After listening to Dolphy's first recording "OUT TO LUNCH", let's continue listening to this album. You feel as if you are wrapped in a kind of gentleness, not in this album, as if you were feeling as if you were breathtaking enough in "OUT TO LUNCH". He recorded this album a few days before his death. Certainly, from that episode, we will fabricate a story of a desperation that made this album ahead of his death. I do not think such things. However, for example, in the past he was sounding and resonating instruments so strongly that the instruments are likely to be broken by strong sound pressure, but here it is time to exhale, like the reverberation of the instrument's reverberation Ringing instruments to take advantage of skillfully. Also, at "OUT TO LUNCH" he was playing with a complex rhythm like on parade of metaphor, but here he is keeping constant 4 beats all the time. Therefore, you can get a sense of security. However, he is not only keeping 4 beats, but also makes various changes in it. For example, his play itself is free from the beat, and if someone keeps the beat and the musician who is backing, others will be away from there as well. Through the combination of them, they are producing poly rhythmic sounds. This fascination is inherently his original charm.

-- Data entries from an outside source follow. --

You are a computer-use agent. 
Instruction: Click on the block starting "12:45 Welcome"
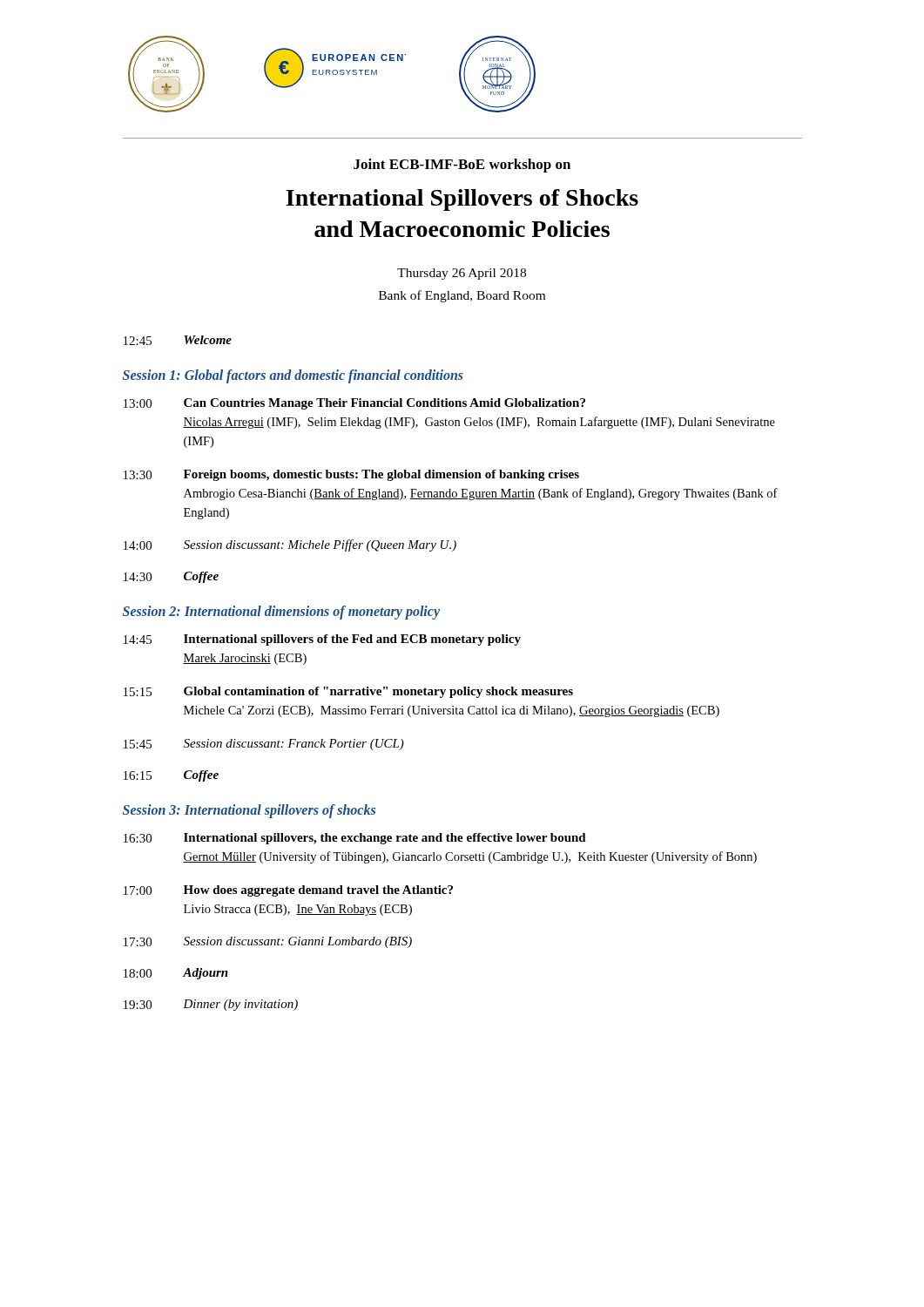tap(137, 340)
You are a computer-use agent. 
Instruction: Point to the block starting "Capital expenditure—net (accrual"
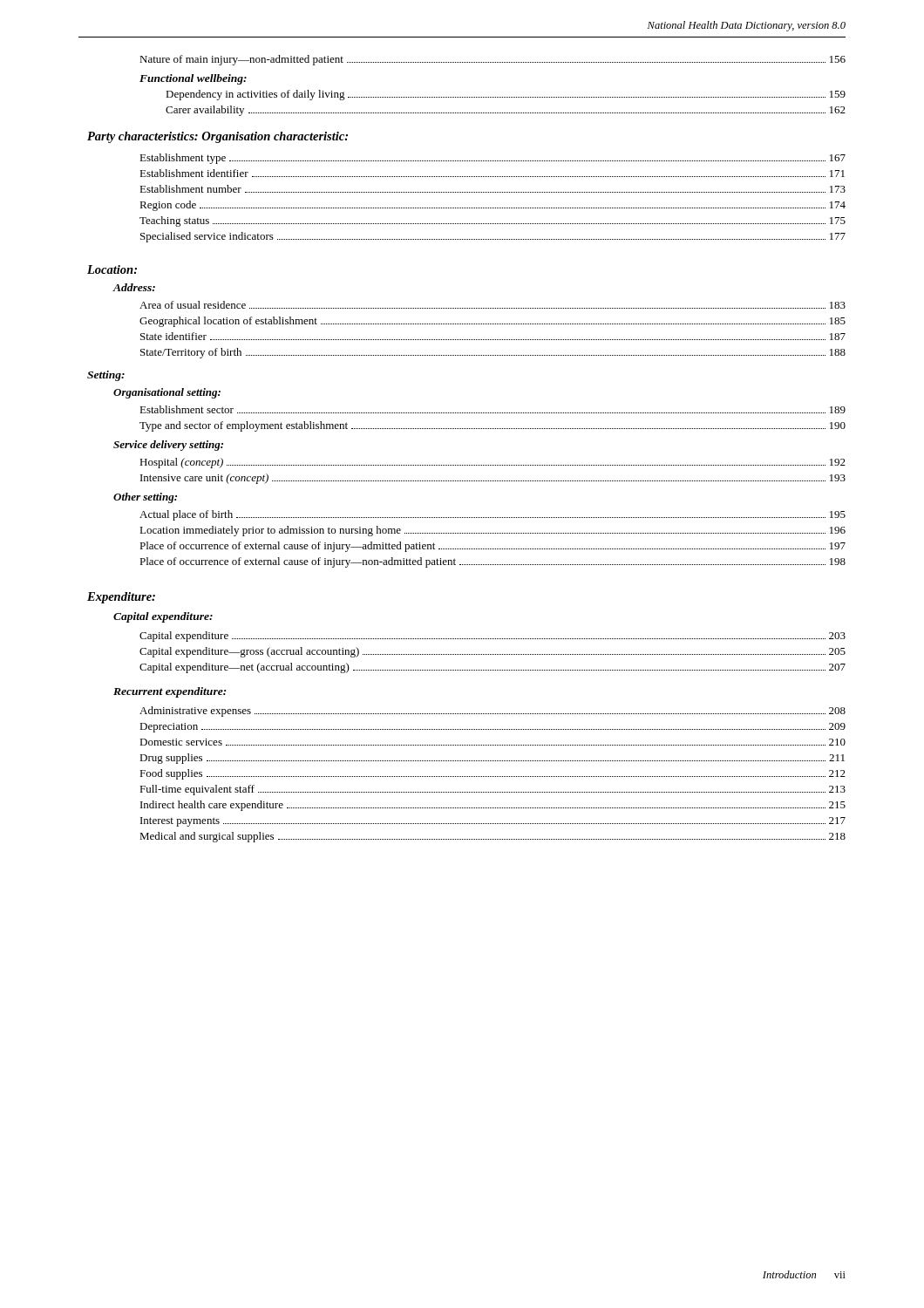[492, 667]
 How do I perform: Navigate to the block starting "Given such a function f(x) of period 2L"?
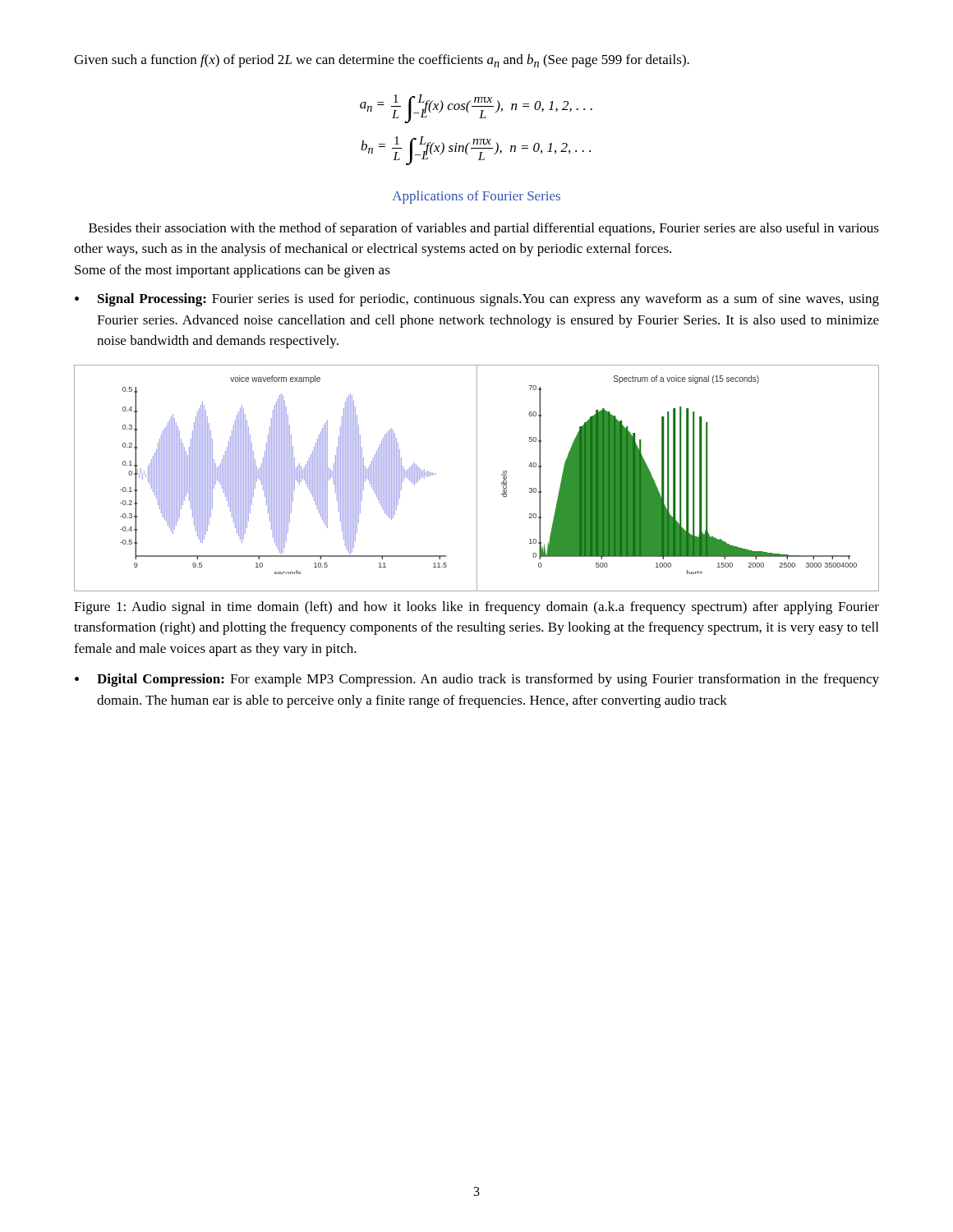382,61

In the first song "Epistrophy", in the gentleness mentioned above, he plays a phrase which flies unique. This makes us distinctive features of him. Moreover, it is less likely to cause incongruity and strangeness. A surprise of the first roar and an ad lib like grotesque, as if it is a ringer of an alien. Unlike it has ever been, it has relaxed because of form power. Besides, since the drums and the base firmly keep 4 beats and do not fuck dolphy too much, it keeps backing, so Dolphy is comfortably playing saxophone. It makes you understand it as nature. And backing of the piano. Chirped and choked, occasionally repeating an effective riff, backing and rare harmony of free jazz and modern music-specific coordination. Discordant clusters reminiscent of Thelonious Monk. It is also different from the "sticky weight" of the piano played by the black people, "heavy heaviness". Although it is dull, it is a mysterious piano that can feel the edge somewhere. This piano is effectively coloring his bus clarinet.

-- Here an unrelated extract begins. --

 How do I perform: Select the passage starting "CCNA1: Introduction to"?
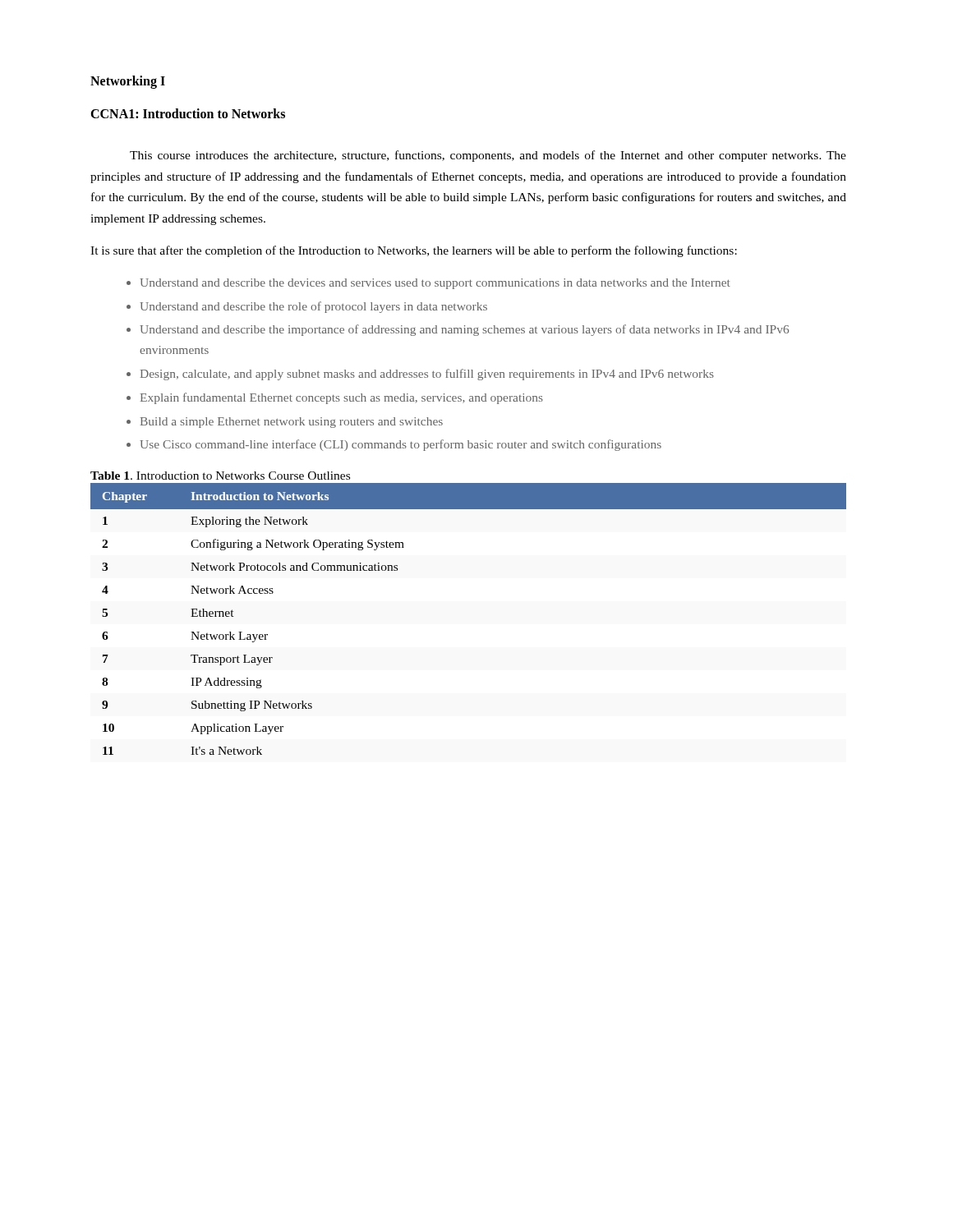(x=188, y=114)

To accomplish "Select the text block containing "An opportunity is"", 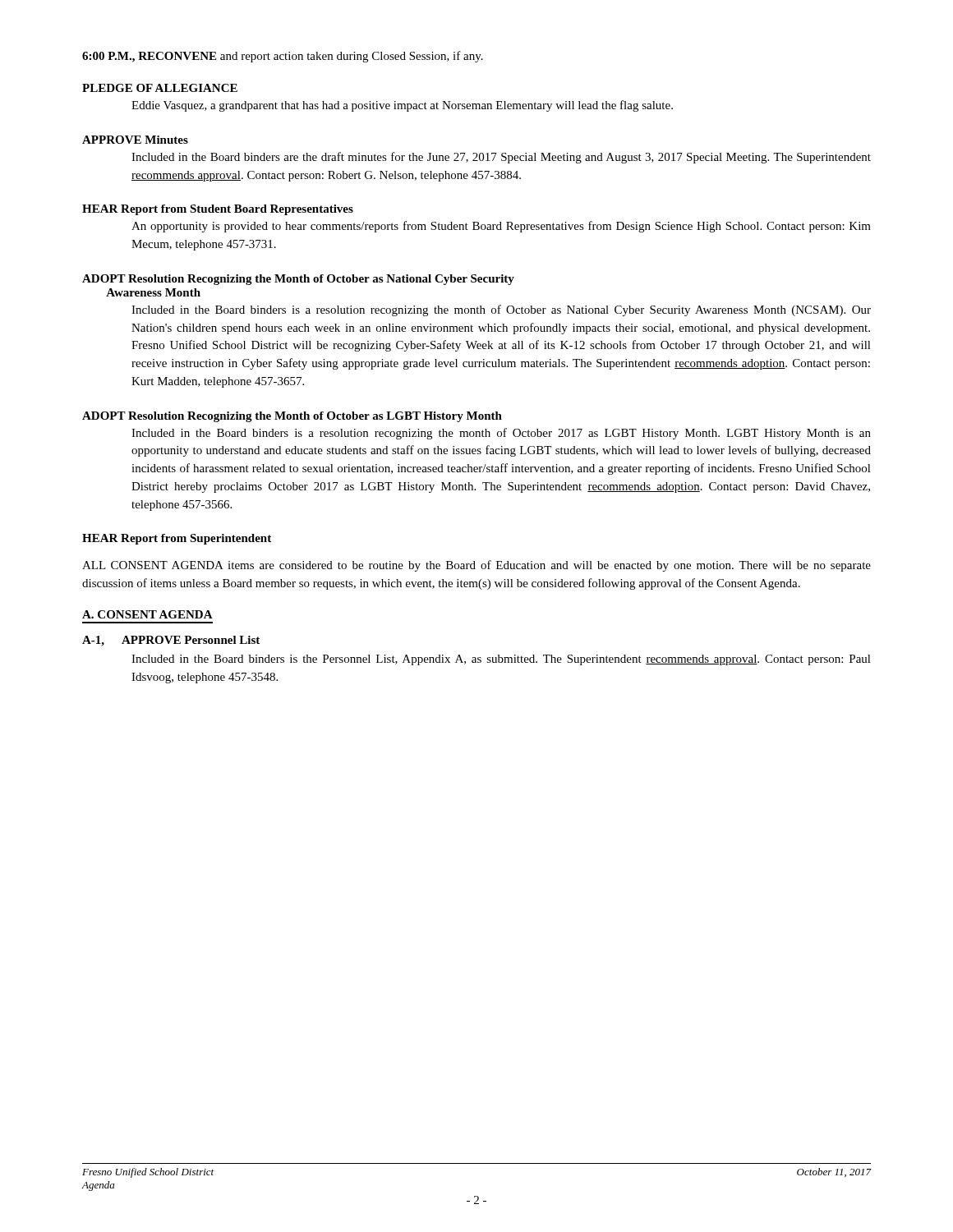I will (x=501, y=235).

In the fifth song "You Do not Know What Love Is", he plays a chromatic melody with a flute with a duo with a bow playing base. The melody seems to be a chromatic melody by Debussy's "Prélude à" L'après-midi d'un faune "by the flute solo at the beginning. And he is improvising for 12 minutes based on that phrase. There, he plays a beautiful, moist and beautiful moist, playing a game with a phrase, almost without mixing a free-key tone that makes me remember the roar of my own patent. There are not a few people who say this performance as a white eyebrow of this album.

The final "Miss Ann" is not a feeling of free jazz, but an unexpected phrase unique to he is contained in the hard bop. Finally, there is a famous his monologue, but there are lots of people arguing that it is likely to be about that, so I think that you can create a story and enjoy it. However, when playing is finished and a short fade out of clapping is done, it becomes a truncated dragonfly, so I think that it is finished quietly and has the effect of leaving a finish by sounding a calm voice. I do not care little whether he is talking.